As you can see, a lot of data is logged, including your IP address. Your IP address is personal data. From this it is easy to tell from which city you come from. It is also easy to determine who you are from your IP address. Suppose you create an account on 1 site, or make a purchase from 1 site. Then they know your name and address, and know how to link them to your IP address.

Profiling

Even if you then shield your IP address via, for example, a VPN, you are still easy to recognize. Because much more is logged: not only what you view, but also with what device, software, plugins, fonts, language, your screen size. The combination of this unique data makes it possible to create a unique profile of you. Try for yourself here!

Big data is big business

Parties like Facebook and Google, and many others, have made collecting this data their core business. They also link a lot of data. A big data trade has developed, because the more they learn about you, your interests and your surfing and viewing habits, the more their data sets become worth.

No consent

Without your permission and without your knowledge, they collect this information all day long. Then they use this data to make money: either by exploiting it themselves, or by selling data sets, to the highest bidder.

Political manipulation scandal

The danger of this rampant data hunger is that data can be used against you. A well-known example was the Facebook-Cambridge Analytica scandal, where data on millions of people was shared without their knowledge and consent. Then these millions of people were manipulated with political ads based on their profiles. This has led to undesirable manipulation of democratic elections in several countries. 

Data can be dangerous

So yes, you can rightly worry about who is logging what data and how it is being protected.
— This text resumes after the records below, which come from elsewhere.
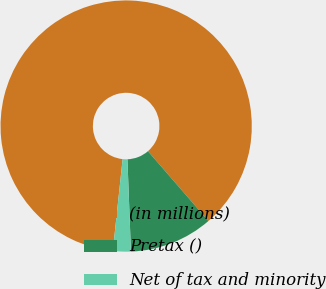Convert chart to OTSL. <chart><loc_0><loc_0><loc_500><loc_500><pie_chart><fcel>(in millions)<fcel>Pretax ()<fcel>Net of tax and minority<nl><fcel>86.94%<fcel>10.76%<fcel>2.3%<nl></chart> 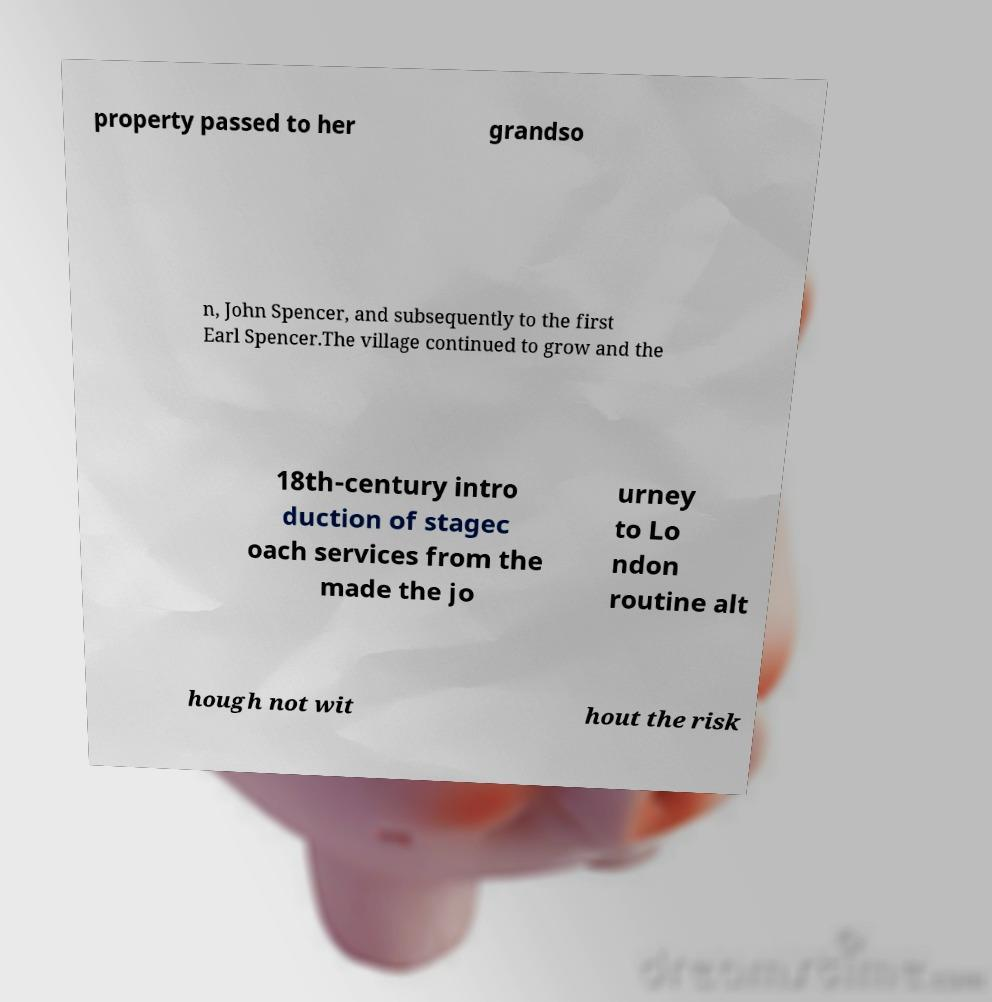What messages or text are displayed in this image? I need them in a readable, typed format. property passed to her grandso n, John Spencer, and subsequently to the first Earl Spencer.The village continued to grow and the 18th-century intro duction of stagec oach services from the made the jo urney to Lo ndon routine alt hough not wit hout the risk 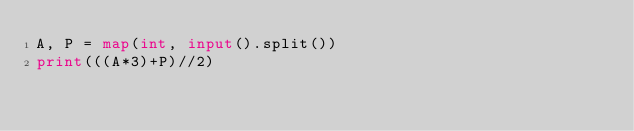Convert code to text. <code><loc_0><loc_0><loc_500><loc_500><_Python_>A, P = map(int, input().split())
print(((A*3)+P)//2)</code> 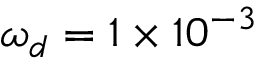<formula> <loc_0><loc_0><loc_500><loc_500>\omega _ { d } = 1 \times 1 0 ^ { - 3 }</formula> 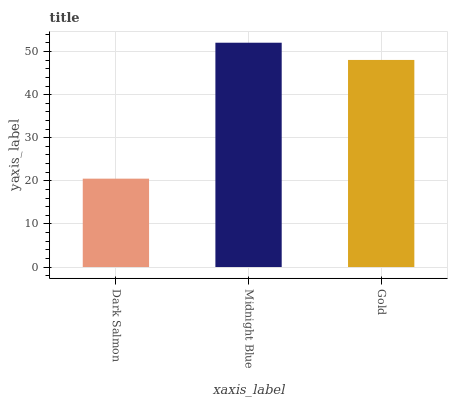Is Gold the minimum?
Answer yes or no. No. Is Gold the maximum?
Answer yes or no. No. Is Midnight Blue greater than Gold?
Answer yes or no. Yes. Is Gold less than Midnight Blue?
Answer yes or no. Yes. Is Gold greater than Midnight Blue?
Answer yes or no. No. Is Midnight Blue less than Gold?
Answer yes or no. No. Is Gold the high median?
Answer yes or no. Yes. Is Gold the low median?
Answer yes or no. Yes. Is Midnight Blue the high median?
Answer yes or no. No. Is Midnight Blue the low median?
Answer yes or no. No. 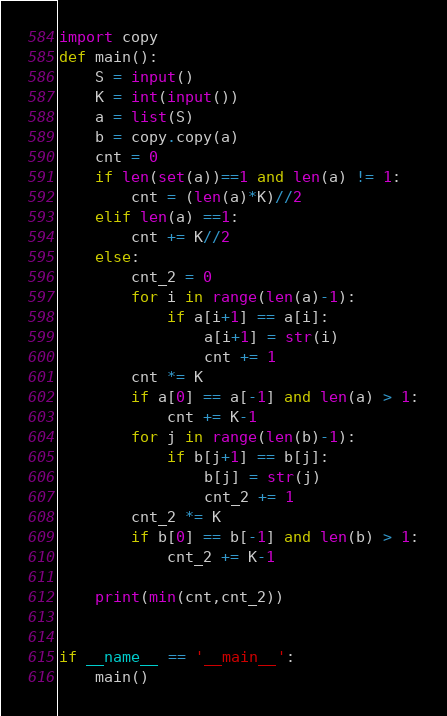Convert code to text. <code><loc_0><loc_0><loc_500><loc_500><_Python_>import copy
def main():
    S = input()
    K = int(input())
    a = list(S)
    b = copy.copy(a)
    cnt = 0
    if len(set(a))==1 and len(a) != 1:
        cnt = (len(a)*K)//2
    elif len(a) ==1:
        cnt += K//2
    else:
        cnt_2 = 0
        for i in range(len(a)-1):
            if a[i+1] == a[i]:
                a[i+1] = str(i)
                cnt += 1
        cnt *= K
        if a[0] == a[-1] and len(a) > 1:
            cnt += K-1
        for j in range(len(b)-1):
            if b[j+1] == b[j]:
                b[j] = str(j)
                cnt_2 += 1
        cnt_2 *= K
        if b[0] == b[-1] and len(b) > 1:
            cnt_2 += K-1

    print(min(cnt,cnt_2))

    
if __name__ == '__main__':
    main()</code> 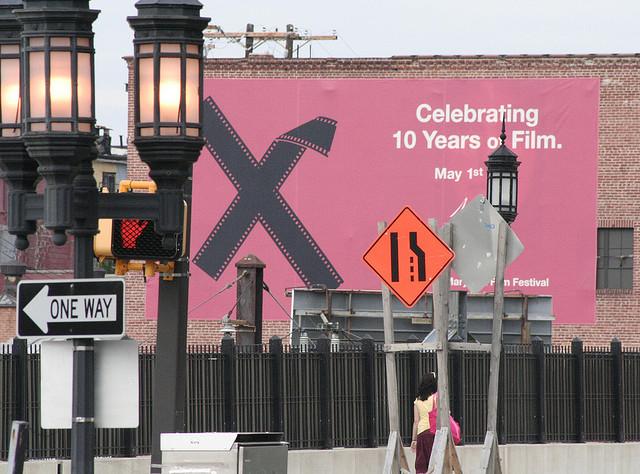What would handicapped people require to park where such a sign is posted?
Concise answer only. Nothing. What does the black and white sign say?
Write a very short answer. 1 way. What is the color of her bag?
Give a very brief answer. Pink. Is there a film festival in the area?
Concise answer only. Yes. Why would someone want to visit here?
Short answer required. Film. 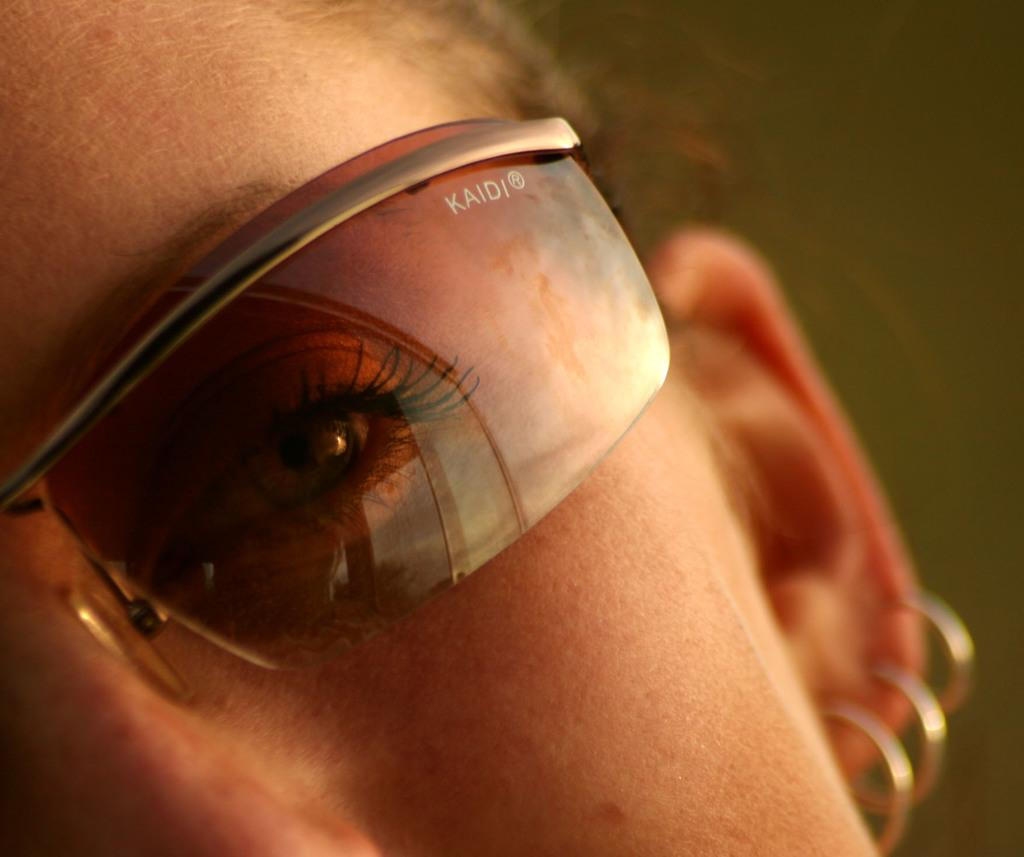What is the main subject of the image? There is a person's face in the image. What accessories is the person wearing in the image? The person is wearing spectacles and earrings in the image. How would you describe the background of the image? The background of the image is blurry. Can you tell me how many donkeys are visible in the image? There are no donkeys present in the image. What color is the hydrant next to the person's face in the image? There is no hydrant present in the image.

Information about your political color, creed, religion, race, education, sexual orientation, can be disruptive and undermining, and can be used against you.

Who can you trust?

Now there is another problem at play: even if the parties logging data are in good faith, their government may not necessarily be. 

Far reaching access to data, even on EU soil

Intelligence agencies are particularly interested in the same digital data. US intelligence agencies are known to demand data from US companies and from US citizens working at digital companies. They make no secret of this: the U.S. Patriot Act and the U.S. Cloud Act establish by law that these U.S. government agencies may requisition data: even if the data are physically located in the EU, even if they are European subsidiaries. 

Less safeguards

In addition, the U.S. offers citizens and businesses far fewer safeguards when their data is collected, combined, processed, enriched, profiled, shared, and sold. The privacy laws do not meet the data processing requirements of the European GDPR legislation.

EU-exclusive

For that reason, it is strongly recommended to use only service providers that operate physically, operationally, and legally in the EU zone: physical servers and the data in the EU zone, with staff who have EU residency only, and that the company and its suppliers as well as their owners are based in the EU zone. U.S. Owned so-called sovereign cloud services fail this test, since there is still a legal U.S. tie. 

Remarkable choice

In that light, it is remarkable that the EU itself is still relatively light on using the U.S.-based Amazon: there is a risk that viewing behavior data of visitors to this official EU website could be used to profile their political preferences. We have our reservations about this.

In general, it’s much worse

Incidentally, this is one of the lightest examples we have found. Many sites work with a large list of different vendors, each again with their own mix of clouds and CDNs.